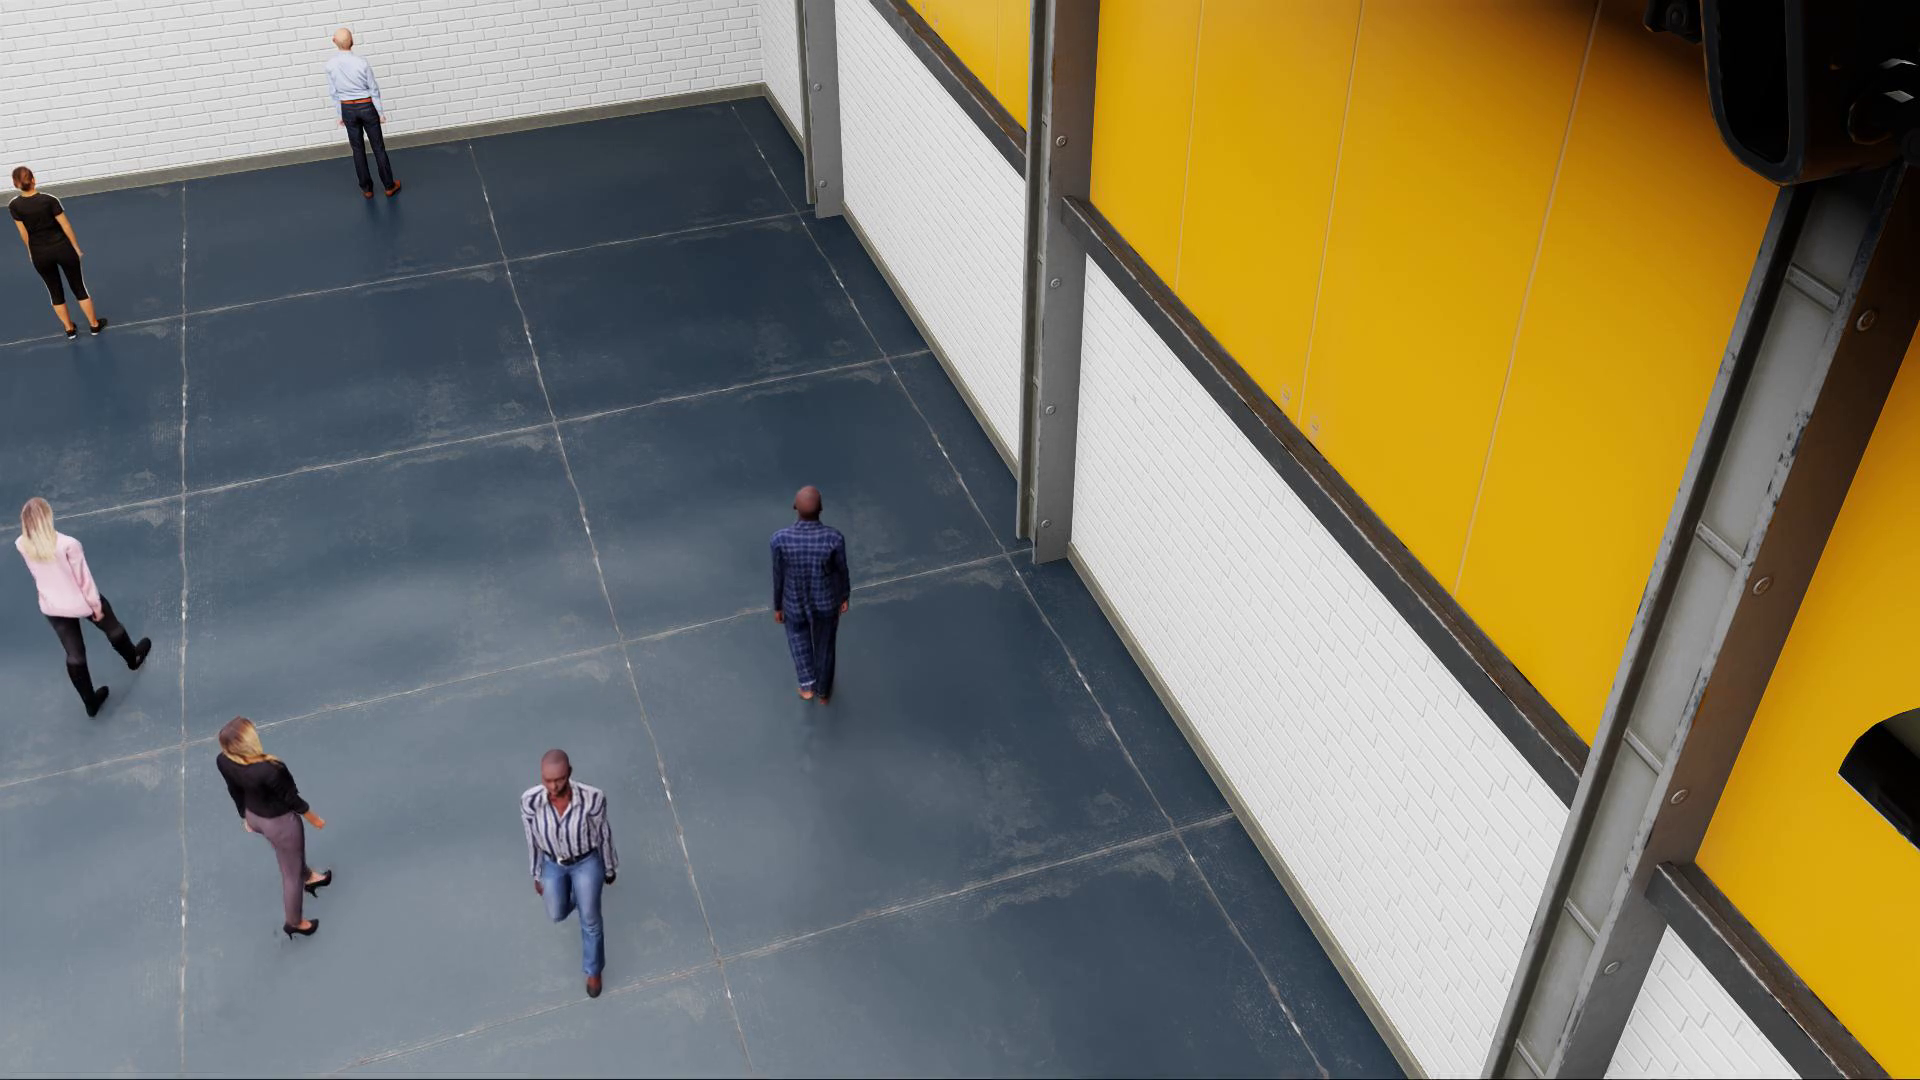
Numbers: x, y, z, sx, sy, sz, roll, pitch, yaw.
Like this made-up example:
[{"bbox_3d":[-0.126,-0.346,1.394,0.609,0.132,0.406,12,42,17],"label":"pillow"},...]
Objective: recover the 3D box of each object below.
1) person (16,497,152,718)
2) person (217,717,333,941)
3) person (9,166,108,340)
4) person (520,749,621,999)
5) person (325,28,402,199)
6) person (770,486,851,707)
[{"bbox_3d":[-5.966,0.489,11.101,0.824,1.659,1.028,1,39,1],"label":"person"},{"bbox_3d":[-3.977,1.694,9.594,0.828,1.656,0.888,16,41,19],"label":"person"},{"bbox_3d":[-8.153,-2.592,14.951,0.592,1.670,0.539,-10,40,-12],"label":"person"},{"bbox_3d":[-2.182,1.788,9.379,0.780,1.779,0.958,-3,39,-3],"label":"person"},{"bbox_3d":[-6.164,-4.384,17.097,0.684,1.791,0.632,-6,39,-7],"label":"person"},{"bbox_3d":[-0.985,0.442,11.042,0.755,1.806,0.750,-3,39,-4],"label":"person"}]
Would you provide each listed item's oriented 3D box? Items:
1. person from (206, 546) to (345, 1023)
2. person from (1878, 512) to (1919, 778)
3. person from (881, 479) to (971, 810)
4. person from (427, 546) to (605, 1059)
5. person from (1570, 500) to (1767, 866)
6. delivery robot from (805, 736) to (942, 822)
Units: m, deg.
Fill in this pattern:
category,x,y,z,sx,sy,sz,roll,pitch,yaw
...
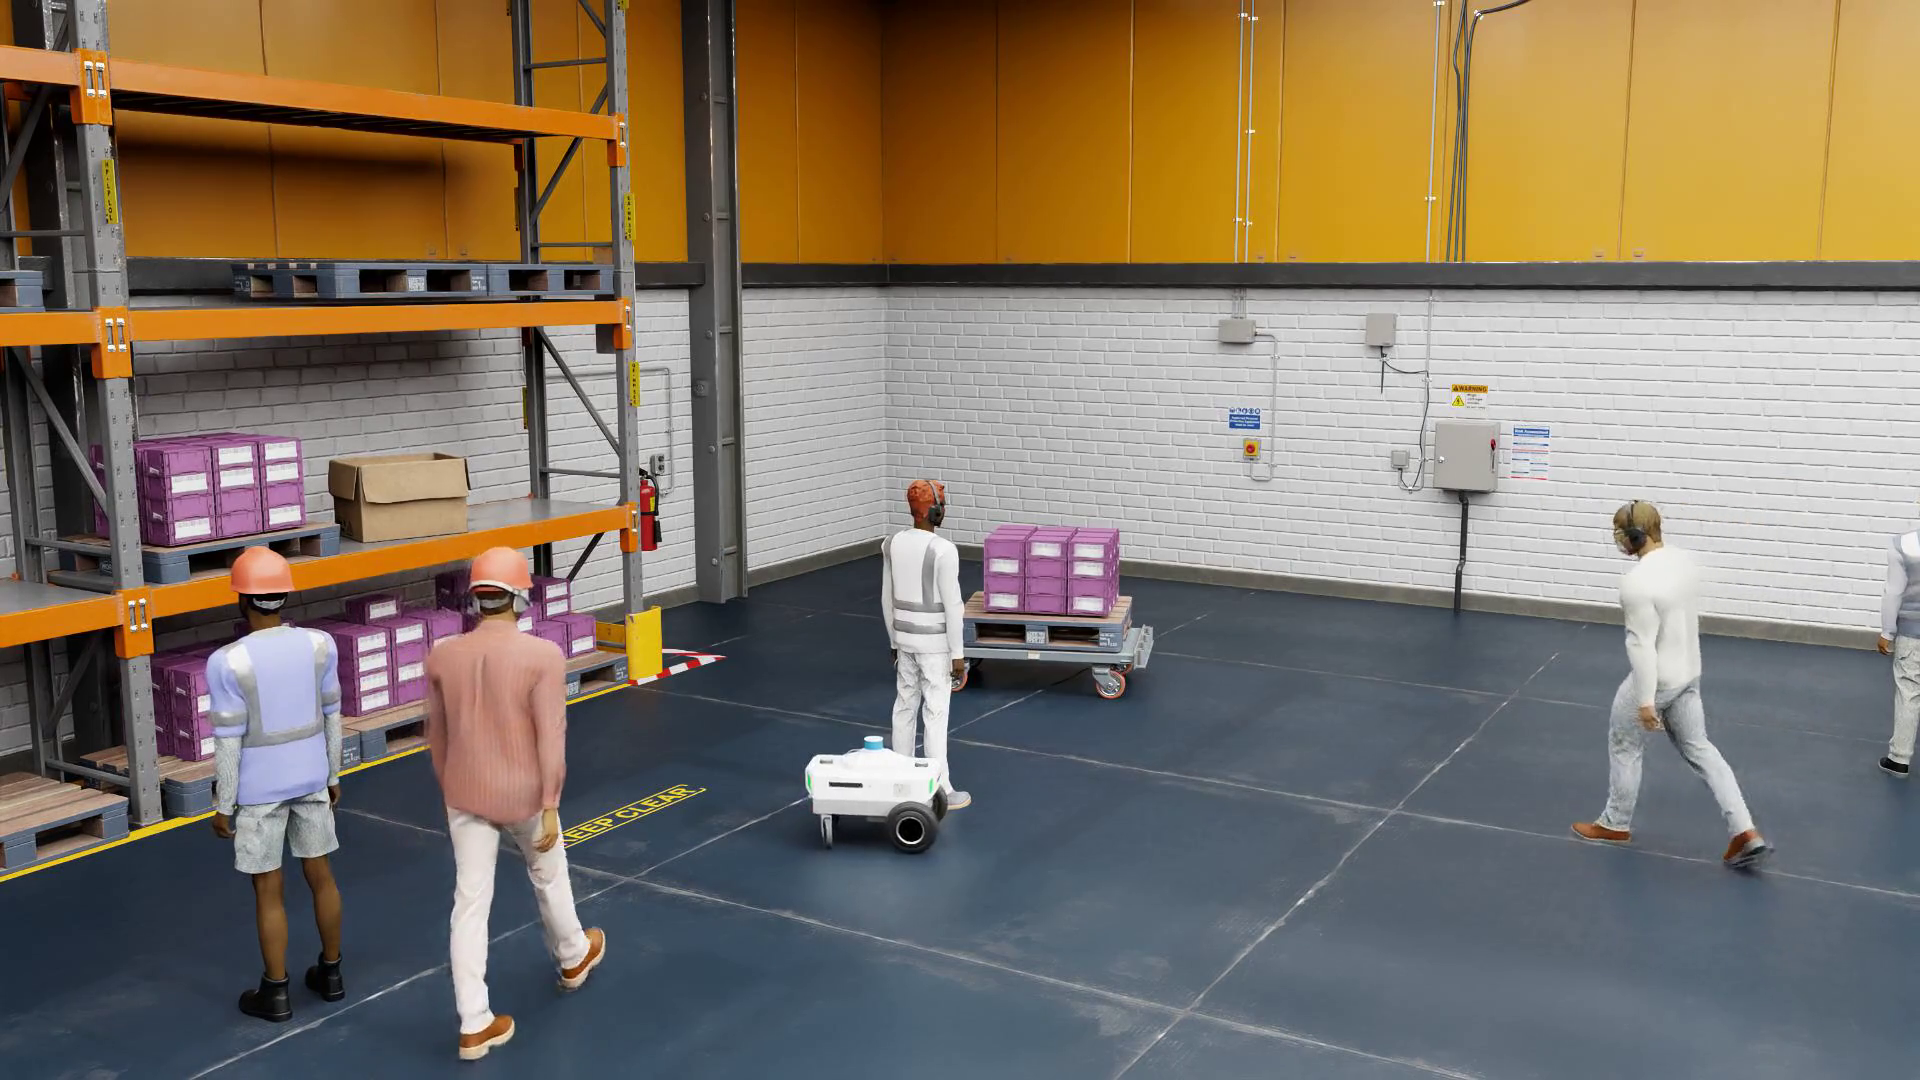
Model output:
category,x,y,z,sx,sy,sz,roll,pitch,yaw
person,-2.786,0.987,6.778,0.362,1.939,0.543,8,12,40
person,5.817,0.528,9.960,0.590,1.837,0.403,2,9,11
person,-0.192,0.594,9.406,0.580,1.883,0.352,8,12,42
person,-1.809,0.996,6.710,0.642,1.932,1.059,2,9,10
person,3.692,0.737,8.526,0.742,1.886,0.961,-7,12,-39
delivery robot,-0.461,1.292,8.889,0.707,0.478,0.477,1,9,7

────

In the copy, include exactly the lines from the one containing "3. person from (881, 479) to (971, 810)" through the last line of the records, and no pictures or other text.

Solution:
3. person from (881, 479) to (971, 810)
4. person from (427, 546) to (605, 1059)
5. person from (1570, 500) to (1767, 866)
6. delivery robot from (805, 736) to (942, 822)
Units: m, deg.
Fill in this pattern:
category,x,y,z,sx,sy,sz,roll,pitch,yaw
...
Model output:
category,x,y,z,sx,sy,sz,roll,pitch,yaw
person,-2.786,0.987,6.778,0.362,1.939,0.543,8,12,40
person,5.817,0.528,9.960,0.590,1.837,0.403,2,9,11
person,-0.192,0.594,9.406,0.580,1.883,0.352,8,12,42
person,-1.809,0.996,6.710,0.642,1.932,1.059,2,9,10
person,3.692,0.737,8.526,0.742,1.886,0.961,-7,12,-39
delivery robot,-0.461,1.292,8.889,0.707,0.478,0.477,1,9,7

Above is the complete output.